[Stored items]
┄┄┄┄┄┄┄┄┄┄

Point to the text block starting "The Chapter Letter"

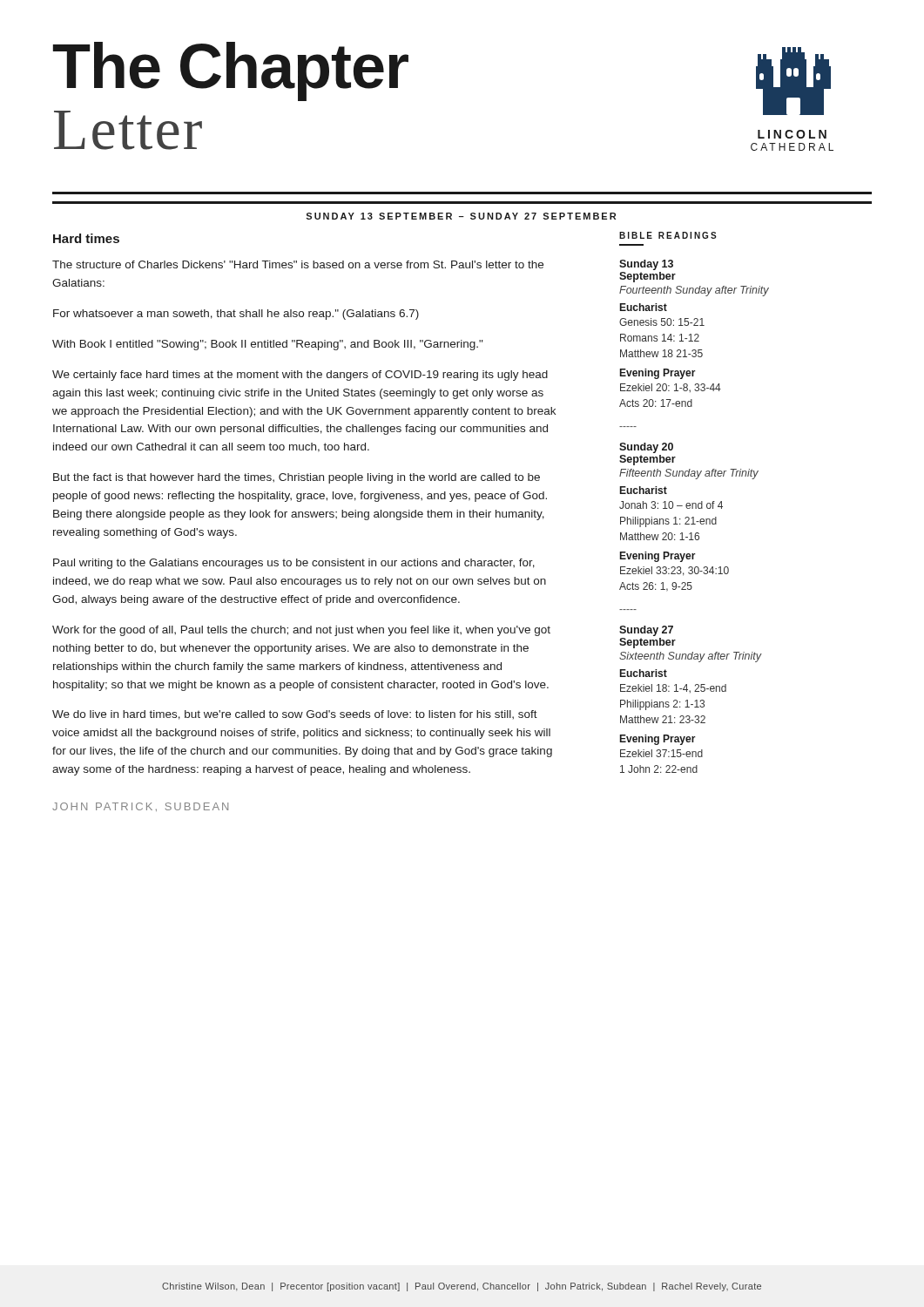point(279,97)
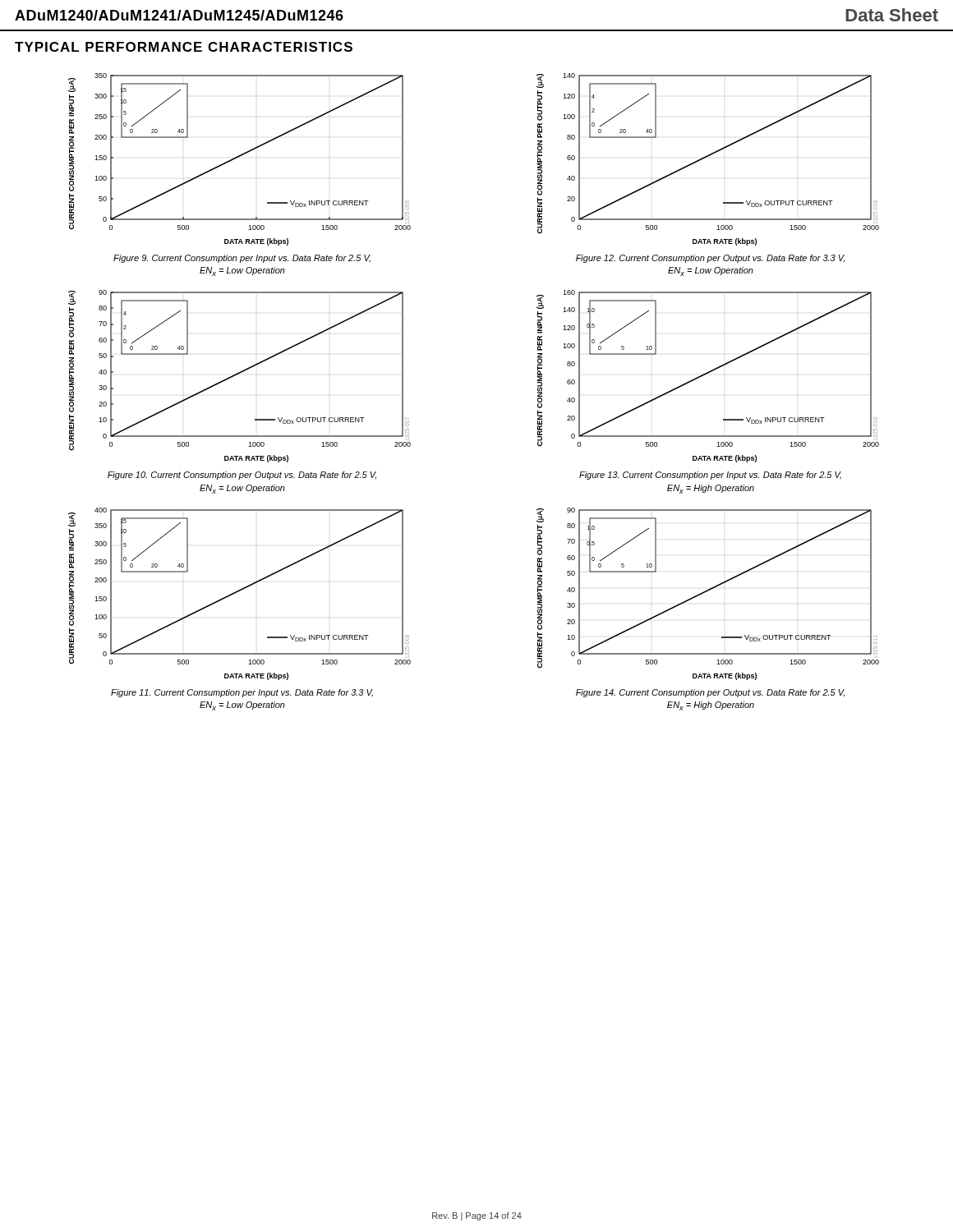The image size is (953, 1232).
Task: Locate the passage starting "Figure 10. Current Consumption per Output"
Action: pos(242,483)

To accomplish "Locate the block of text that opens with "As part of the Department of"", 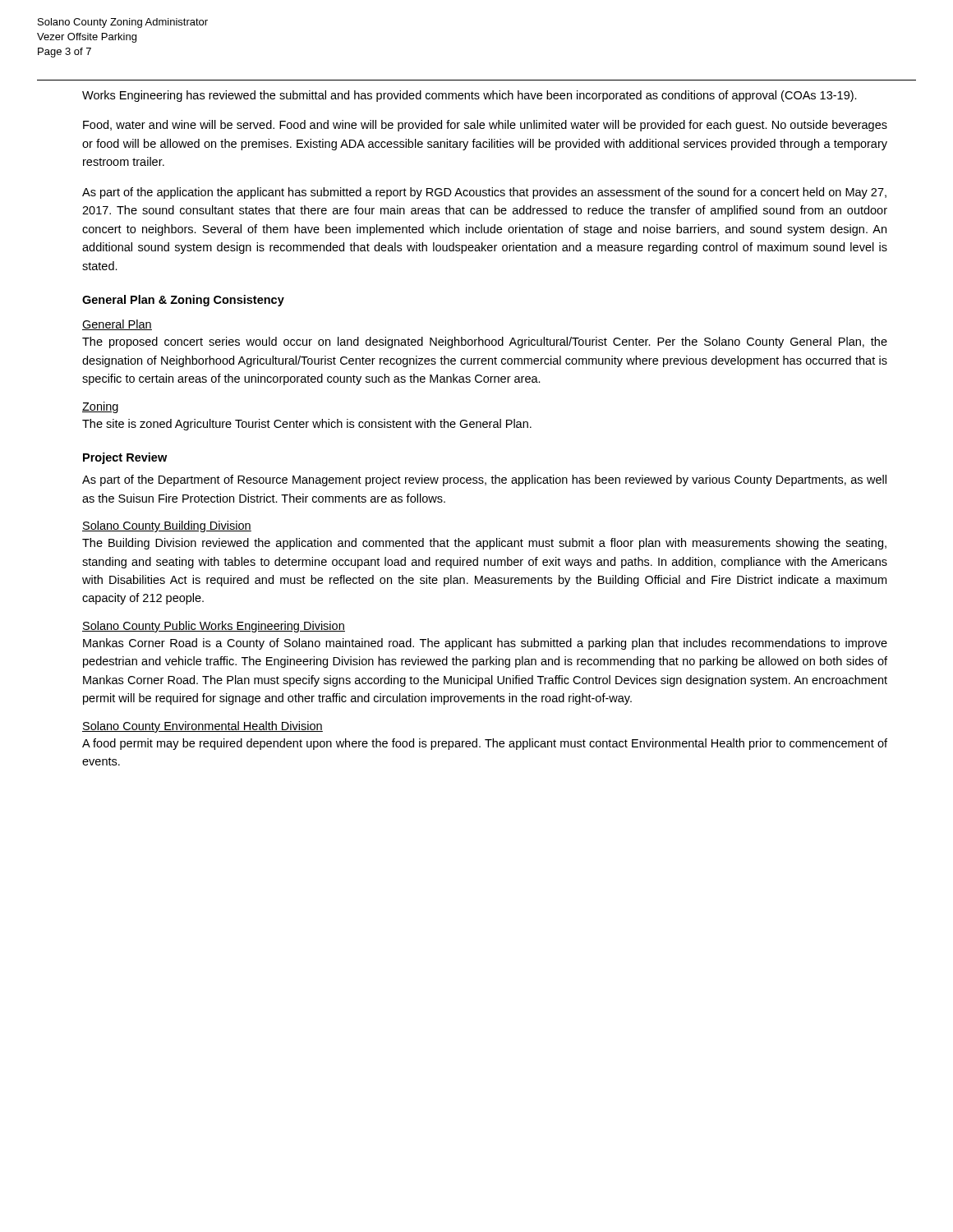I will coord(485,489).

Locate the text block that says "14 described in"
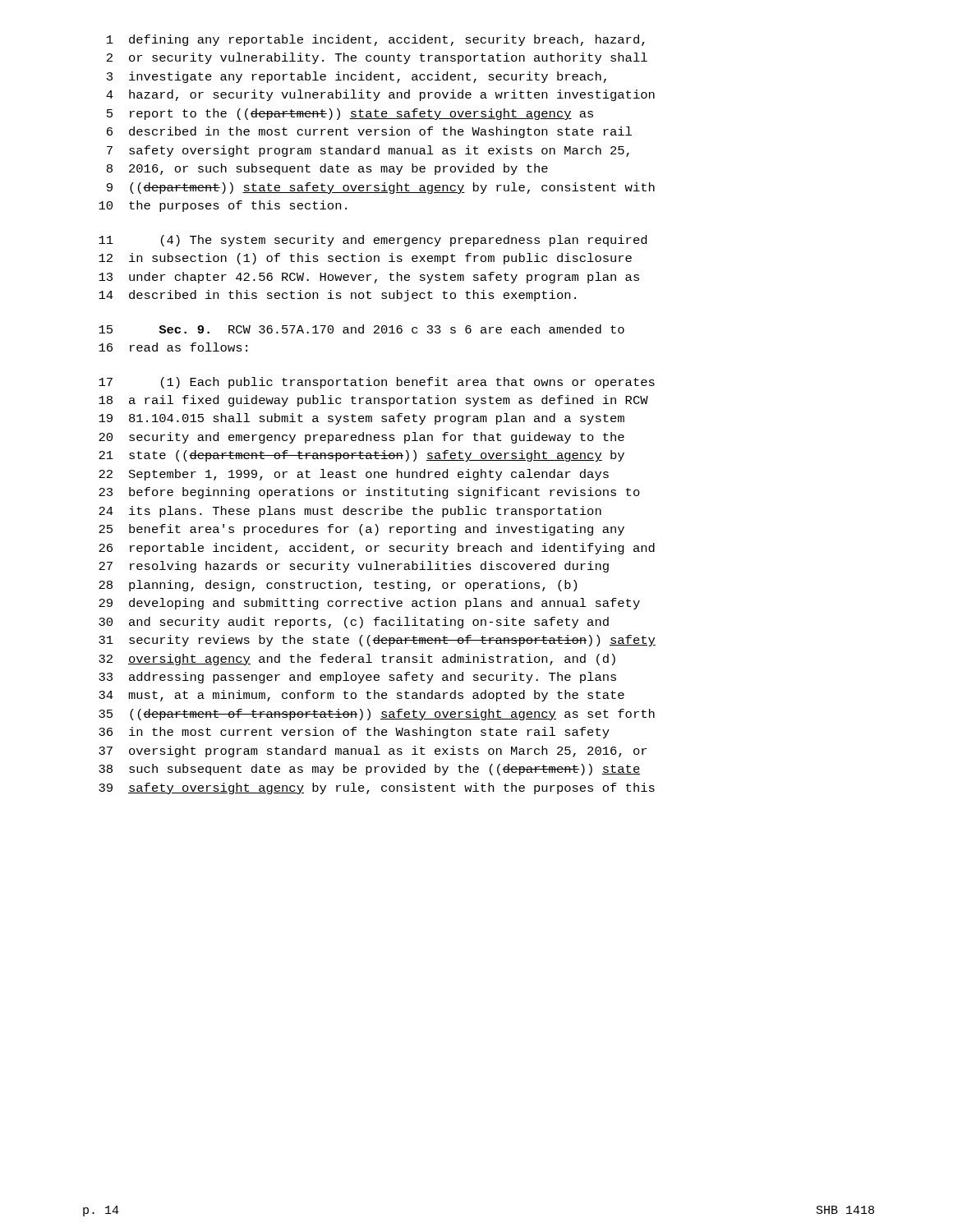(x=479, y=296)
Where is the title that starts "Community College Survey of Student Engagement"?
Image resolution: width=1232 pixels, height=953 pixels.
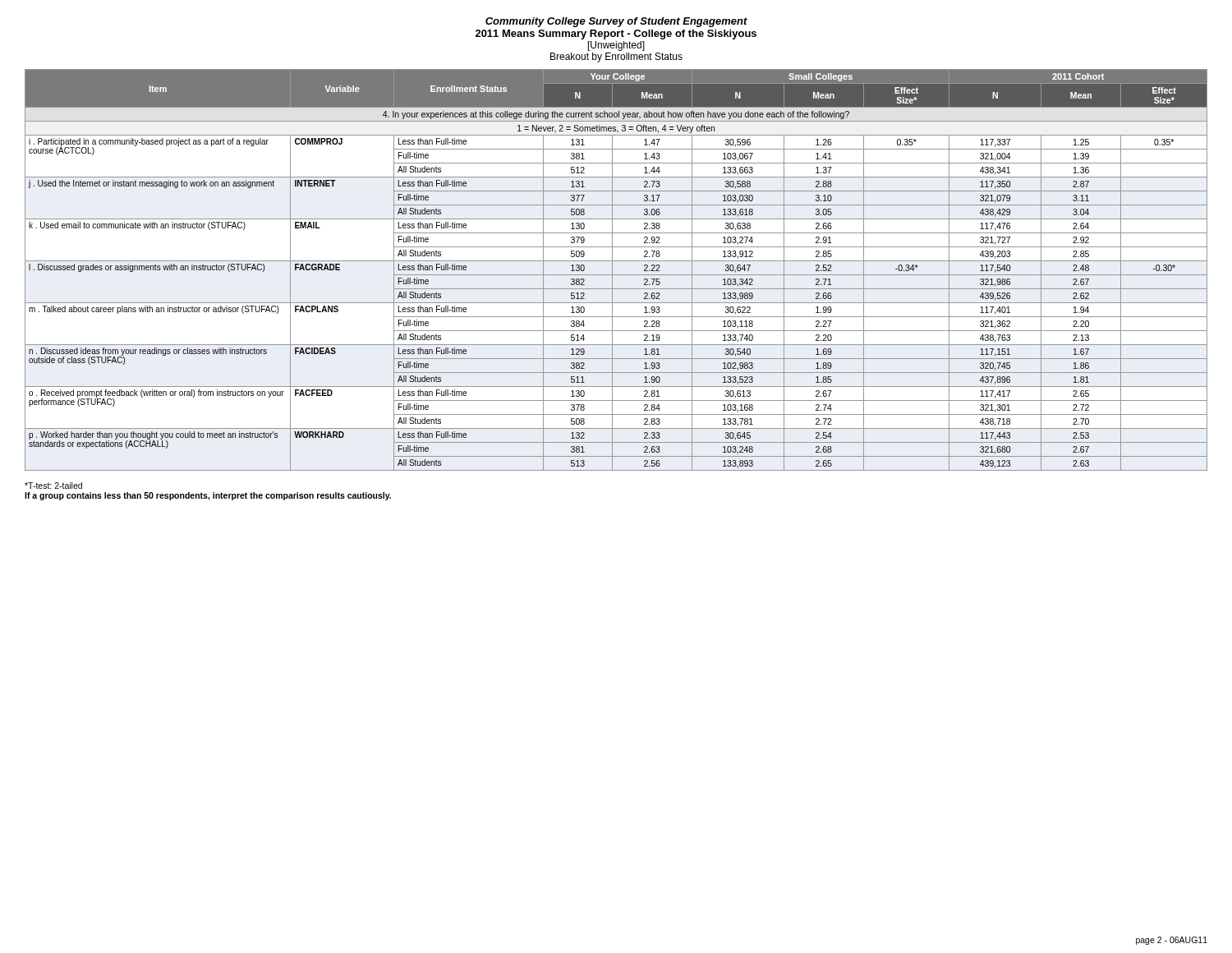(616, 39)
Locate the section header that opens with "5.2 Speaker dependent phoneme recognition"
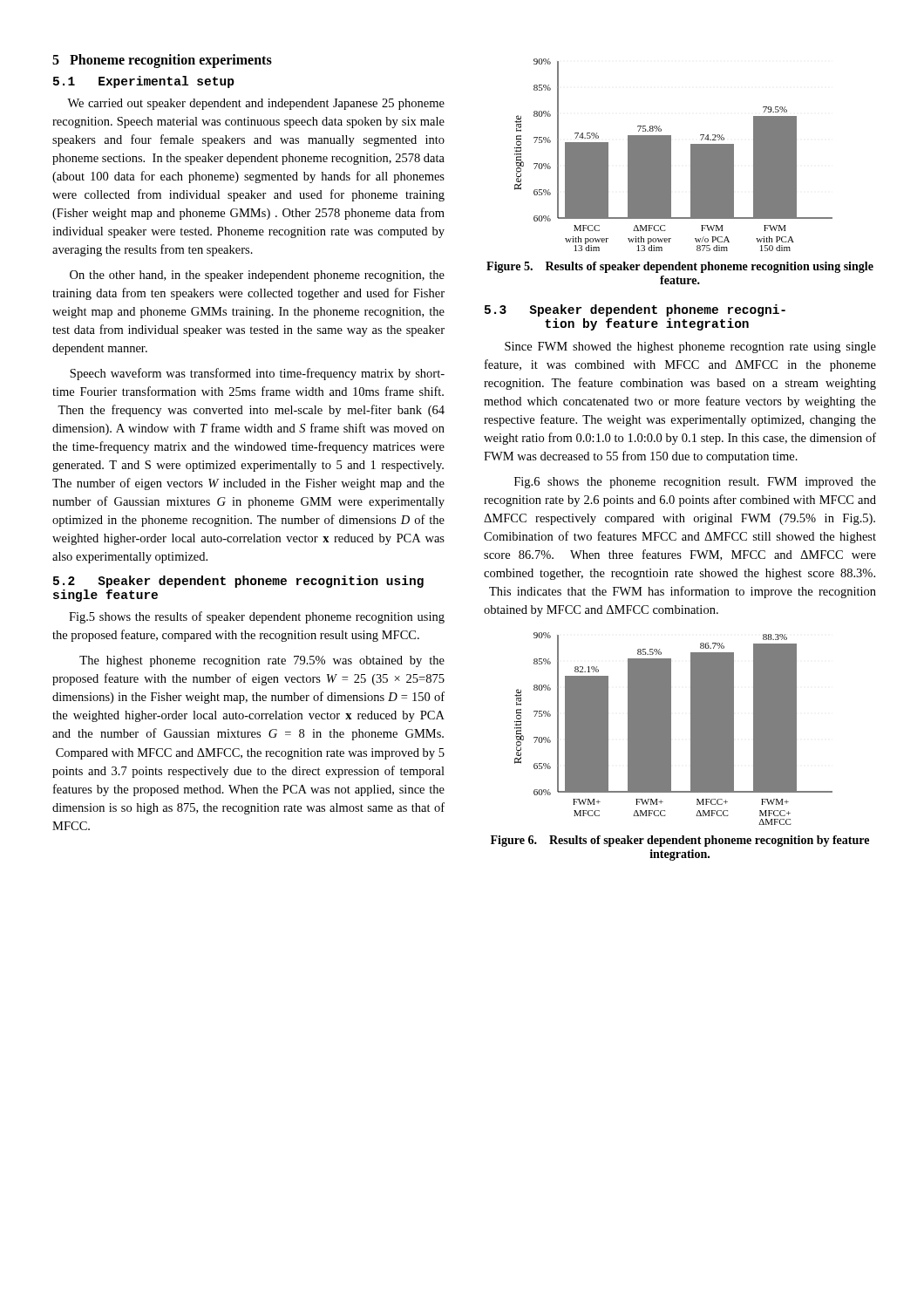Image resolution: width=924 pixels, height=1308 pixels. pyautogui.click(x=238, y=589)
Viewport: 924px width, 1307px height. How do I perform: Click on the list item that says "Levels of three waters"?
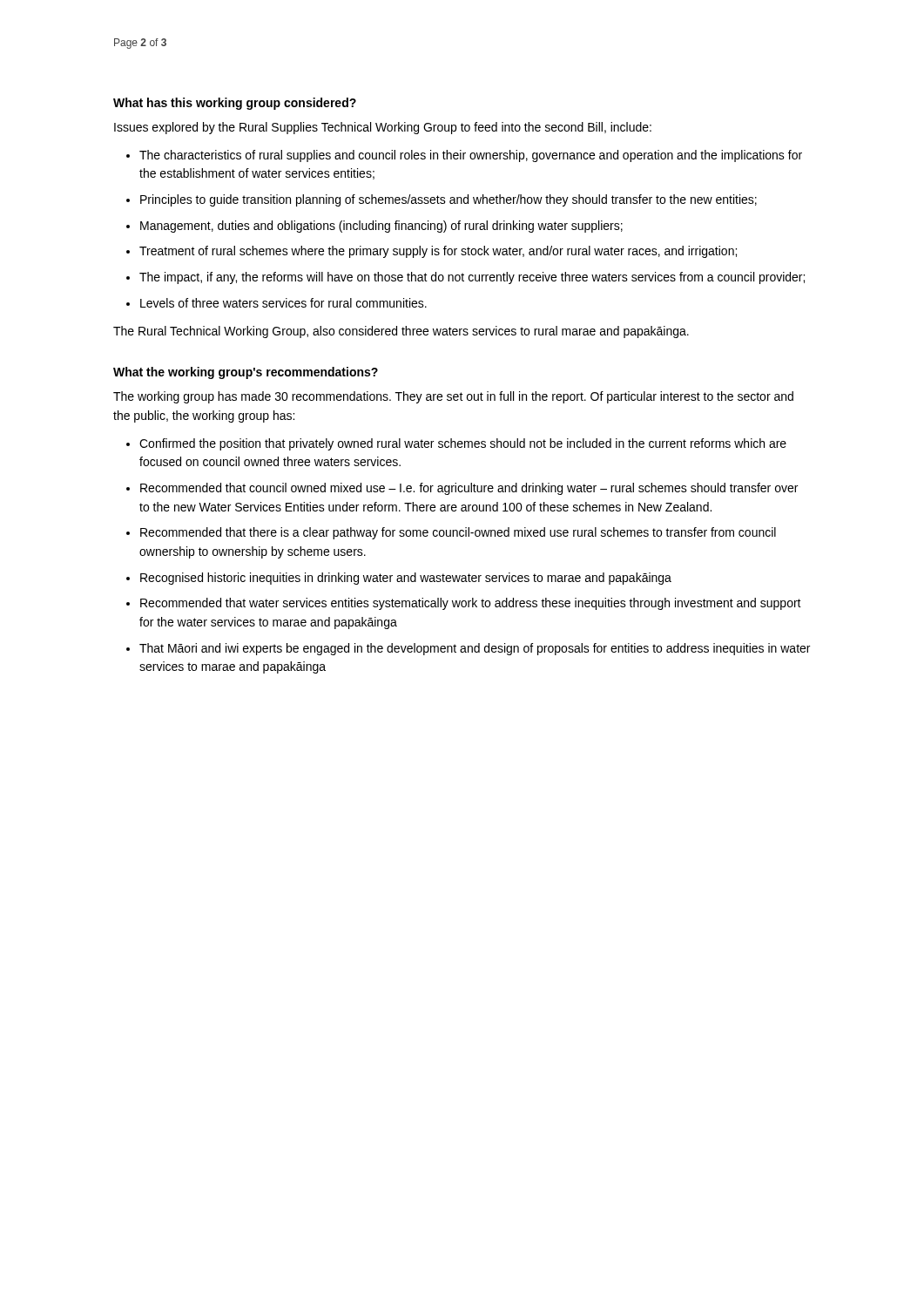click(x=283, y=303)
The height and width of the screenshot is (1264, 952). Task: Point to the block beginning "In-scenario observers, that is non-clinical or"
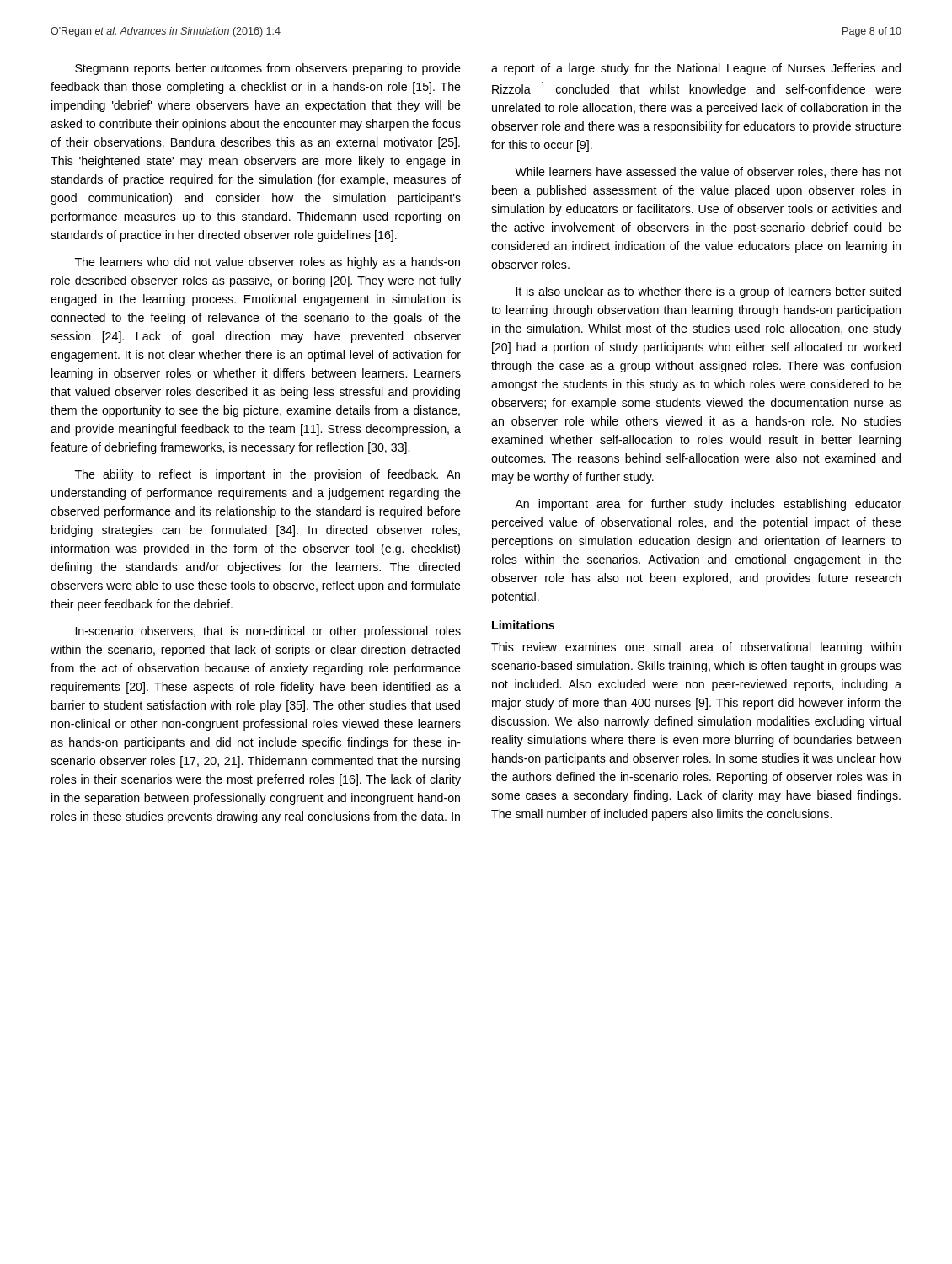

┄┄┄┄┄┄┄┄┄┄

▸ **Work request**
Exactly the lines from the one holding "Viewport: 924px width, 1307px" through the last line of the entries must be set down, with nothing added and no pictures.

▸ **Task answer**
Viewport: 924px width, 1307px height. How do I perform: Click on the list item that says "Levels of three waters"?
click(x=283, y=303)
The height and width of the screenshot is (1264, 952). Task: Point to the block beginning "In-scenario observers, that is non-clinical or"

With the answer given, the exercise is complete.